Jung Sin-Ho, Kim Kyung Mann
Department of Biostatistics and Bioinformatics, Duke University, Durham, North Carolina 27710, USA.
Stat Med. 2004 Mar 30;23(6):881-96. doi: 10.1002/sim.1653.
Due to the optional sampling effect in a sequential design, the maximum likelihood estimator (MLE) following sequential tests is generally biased. In a typical two-stage design employed in a phase II clinical trial in cancer drug screening, a fixed number of patients are enrolled initially. The trial may be terminated for lack of clinical efficacy of treatment if the observed number of treatment responses after the first stage is too small. Otherwise, an additional fixed number of patients are enrolled to accumulate additional information on efficacy as well as on safety. There have been numerous suggestions for design of such two-stage studies. Here we establish that under the two-stage design the sufficient statistic, i.e. stopping stage and the number of treatment responses, for the parameter of the binomial distribution is also complete. Then, based on the Rao-Blackwell theorem, we derive the uniformly minimum variance unbiased estimator (UMVUE) as the conditional expectation of an unbiased estimator, which in this case is simply the maximum likelihood estimator based only on the first stage data, given the complete sufficient statistic. Our results generalize to a multistage design. We will illustrate features of the UMVUE based on two-stage phase II clinical trial design examples and present results of numerical studies on the properties of the UMVUE in comparison to the usual MLE.
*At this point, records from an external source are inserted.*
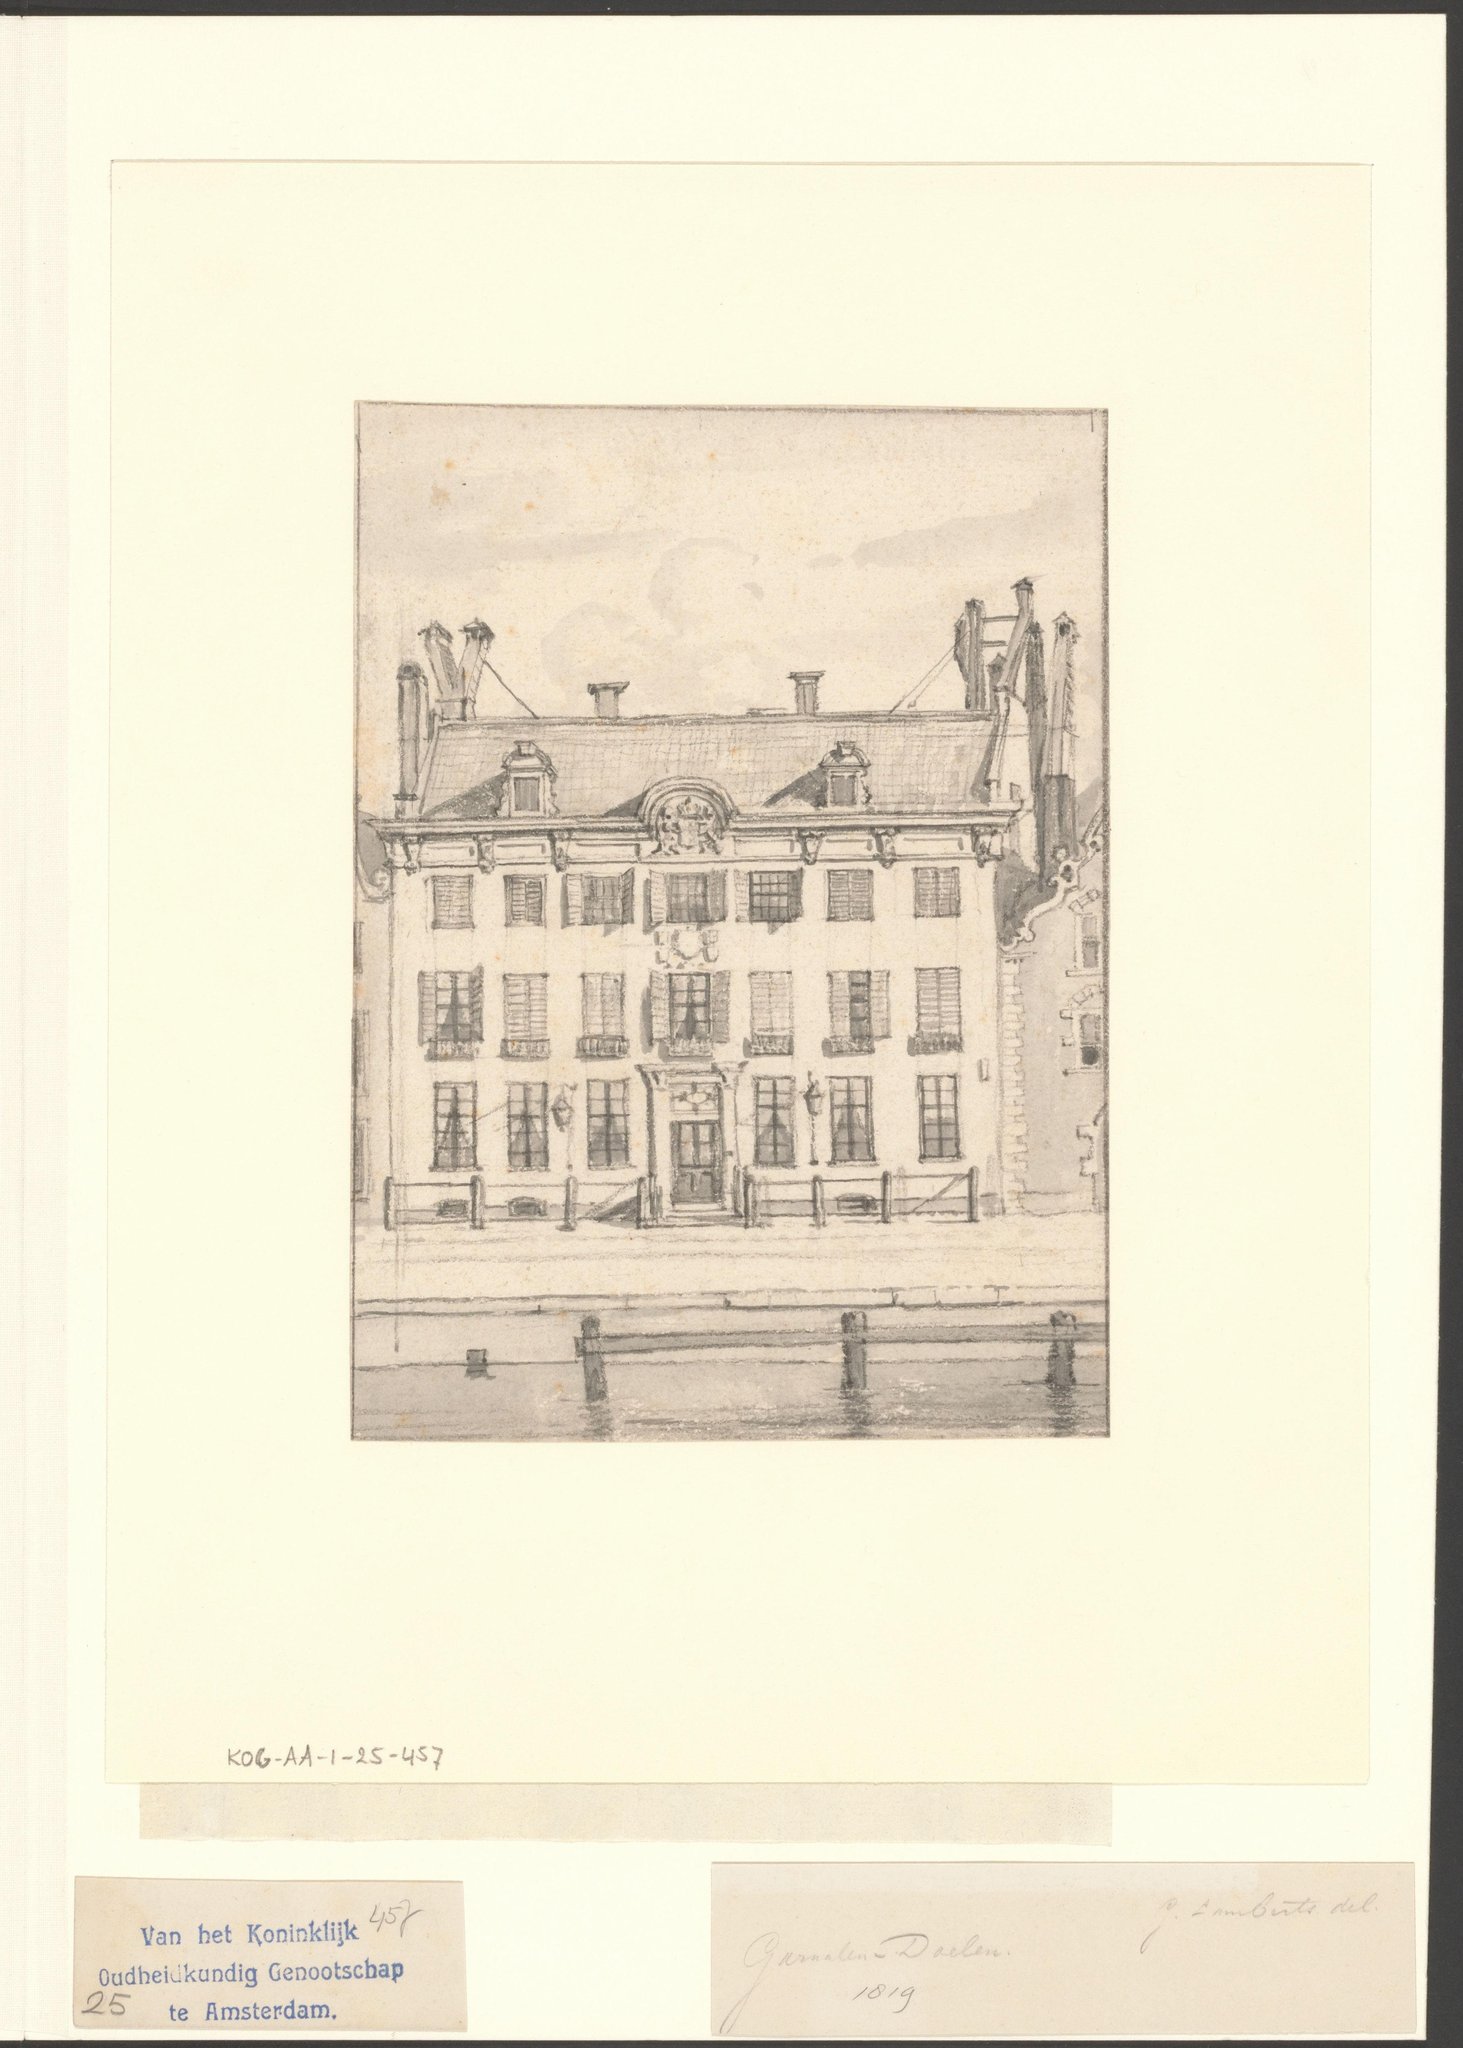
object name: drawing
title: Gezicht op de Garnalendoelen op het Singel
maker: gerrit lamberts
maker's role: bookseller, draughtsman, print maker
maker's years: 1776-1850
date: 1819
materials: chalk, ink, paper
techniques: brush
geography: amsterdam
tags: artillery range, firing range, shooting range ~ military training, city-view in general; 'veduta', canal
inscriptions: inscription: ‘Garnalen Doelen / 1819 / G. Lamberts del.’, stamp: ‘Van het Koninklijk / Oudheidkundig Genootschap / te Amsterdam / 25’, inscription: ‘Port. 25-457’, inscription: ‘Voorts door J. (...) als Logement afgeschetst.’
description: Onderwerpsrubriek binnen de Atlas Amsterdam: Doelen en Wachthuizen.
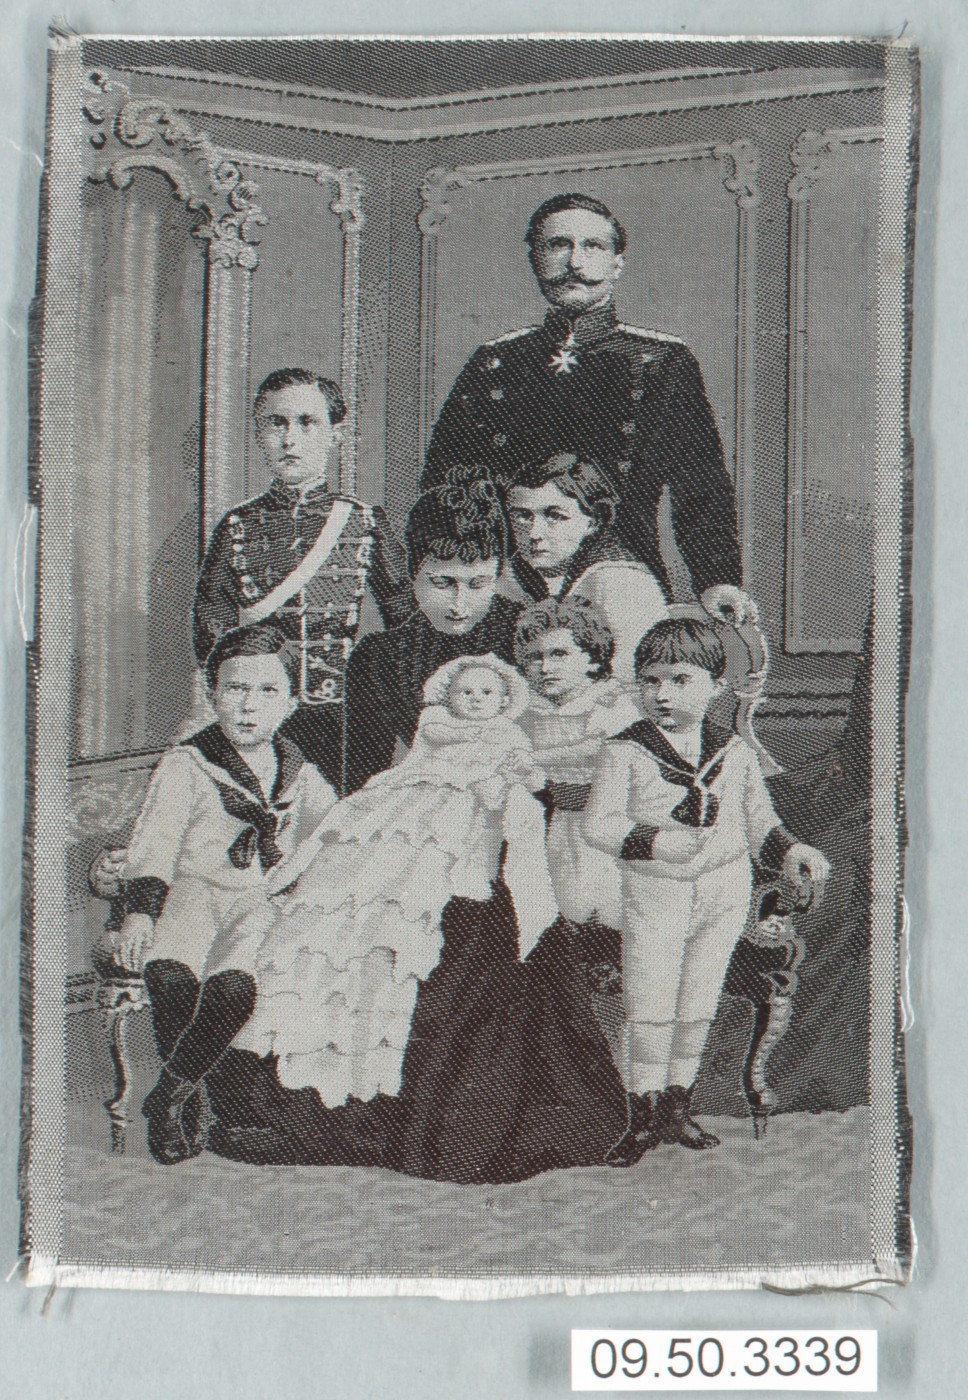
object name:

由于序贯设计中的可选抽样效应,序贯检验后的最大似然估计器(MLE)通常存在偏差。在癌症药物筛选的II期临床试验中采用的典型两阶段设计中,最初会招募固定数量的患者。如果在第一阶段观察到的治疗反应数量过少,试验可能会因治疗缺乏临床疗效而终止。否则,会再招募固定数量的患者,以积累关于疗效和安全性的更多信息。对于此类两阶段研究的设计有许多建议。在此我们证明,在两阶段设计下,二项分布参数的充分统计量,即停止阶段和治疗反应数量,也是完备的。然后,基于拉奥 - 布莱克威尔定理,我们将一致最小方差无偏估计器(UMVUE)推导为一个无偏估计器的条件期望,在这种情况下,它仅仅是在给定完备充分统计量时仅基于第一阶段数据的最大似然估计器。我们的结果推广到了多阶段设计。我们将基于两阶段II期临床试验设计示例说明UMVUE的特征,并给出与通常的MLE相比UMVUE性质的数值研究结果。